Terça-feira, 28 de Julho de 2009

Looking for the one million dollar click.

O marketing e a publicidade parecem repartidos por duas faces opostas, como numa moeda. De um lado está o “slow marketing” com toda a sua panóplia de associações, valores, imagens, notoriedade e impressões diversas.
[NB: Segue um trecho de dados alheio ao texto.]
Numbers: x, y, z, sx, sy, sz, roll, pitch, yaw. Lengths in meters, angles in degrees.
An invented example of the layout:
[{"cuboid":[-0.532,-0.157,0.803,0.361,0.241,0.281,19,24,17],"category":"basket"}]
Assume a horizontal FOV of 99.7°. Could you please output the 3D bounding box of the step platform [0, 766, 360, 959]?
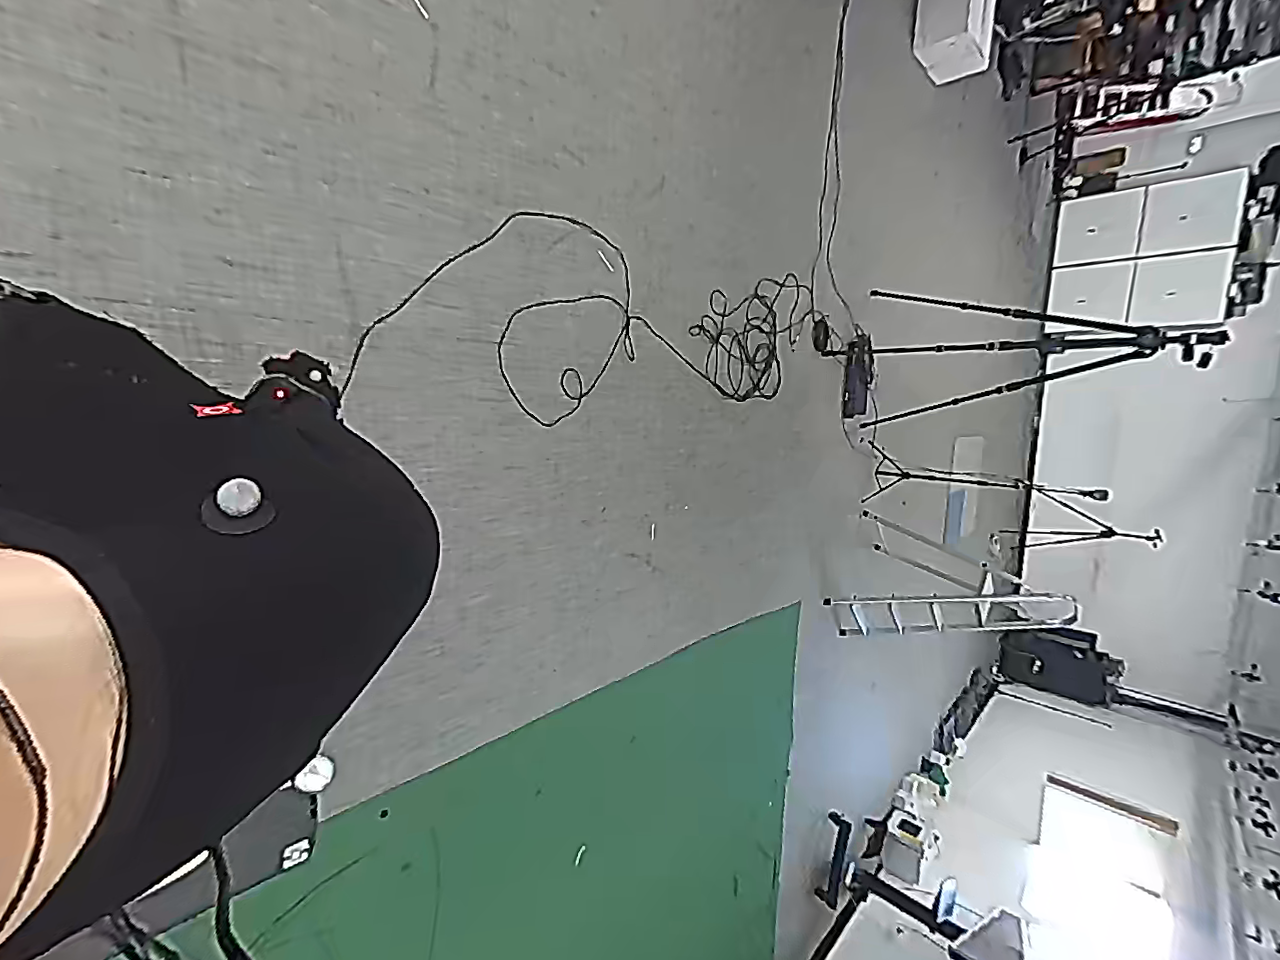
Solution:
[{"cuboid":[-0.905,0.820,0.980,0.684,0.204,0.286,-7,101,-47],"category":"step platform"}]

Em oposição a este, esta à crueza da resposta directa, do valor em caixa, mais a sua obsessão hardsell por fazer dinheiro rapidamente.

 

Numa moeda típica o primeiro lado, da construção de marca seria a cara, enquanto a coroa mais os números do valor facial se colocariam no outro. Só que ao contrário da moeda, nesta o valor não se encontra minimamente bem repartido pelos seus dois lados.

 

Uma observação ingénua poderia pensar que o lado cru das vendas, da medição do retorno, da resposta imediata, seria o campeão da facturação. Especialmente quando comparado com a fragilidade racional que sustenta o outro lado, com as suas palermices tipo os rebrandings, notoriedades da publicidade e patrocínios sem contexto. Mas não, o lado menos racional da moeda consegue absorver muito mais valor do que a resposta directa.

 

Não parece fazer muito sentido que as empresas, confrontadas com duas formas de gastar o seu dinheiro, uma directamente orientada a resultados e outra essencialmente movida a fé e ilusão prefiram gastar o essencial dos seus orçamentos nas menos seguras. Mas é o que se passa, a nível global, quase sem excepção. Por todo o mundo, do half trillion dollars que é anualmente gasto em publicidade, as indústrias da resposta directa recolhem menos de um quinto.

 

A falida GM gastava até há um par de anos mais dinheiro em publicidade nos EUA (obviamente pouco útil) do que factura o Google a nível global. Mesmo o Google, cuja facturação é basicamente resultado de investimento racional e orientado a resultados, mantém uma estranha fixação em perseguir o dinheiro que os anunciantes gastam em acções de retorno duvidoso.

 

Isto a propósito da constatação pouco inspiradora que uma boa parte das receitas do Google são elas próprias gastos pouco racionais. No caso a colocação a qualquer preço de anúncios em primeiro lugar, apenas para estar e ali ocupar um pretenso espaço. Consta que no UK o record está nas 16 libras por clique na pesquisa “mobile phone”. Sim 16 libras (20 euros) por um mísero clique, de um único indivíduo que fez uma pesquisa banal, uma entre milhões. Um gasto absolutamente sem hipótese de retorno.

 

Diz-se na indústria do Web marketing que há “one million dollar clicks”, respostas a anúncios que geram tanto valor que se poderia ter pago um milhão de dólares por eles e mesmo assim seriam rentáveis. Cliques que acabam em encomendas milionárias de casas para uma cidade inteira, frotas de aviões ou centrais nucleares. Não consta que alguém, alguma vez tenha visto esse clique, mas uma coisa é certa ele não está na palavra telemóvel, nem sequer há valor em ser o primeiro na pesquisa a qualquer custo.

 

Afinal “ser o primeiro” é uma medida sucedânea, intermédia, tal como o são a notoriedade ou as audiências, e quem não percebe que o maior valor da publicidade online está em substituir as medidas intermédias pela medida final (as vendas) está a ver mal o fundo ao tacho.